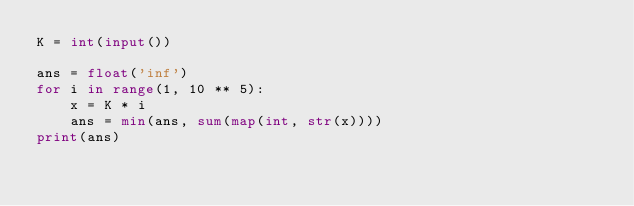Convert code to text. <code><loc_0><loc_0><loc_500><loc_500><_Python_>K = int(input())

ans = float('inf')
for i in range(1, 10 ** 5):
    x = K * i
    ans = min(ans, sum(map(int, str(x))))
print(ans)</code> 
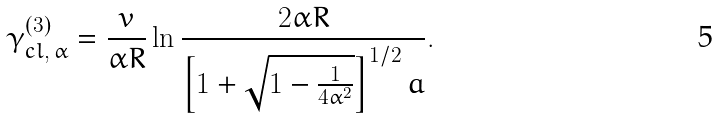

> [WORK INSTRUCTION] Repeat the entries verbatim; no pictures.

> [SOLUTION FOR THIS PROBLEM]
Convert code to text. <code><loc_0><loc_0><loc_500><loc_500><_Python_>K = int(input())

ans = float('inf')
for i in range(1, 10 ** 5):
    x = K * i
    ans = min(ans, sum(map(int, str(x))))
print(ans)</code> 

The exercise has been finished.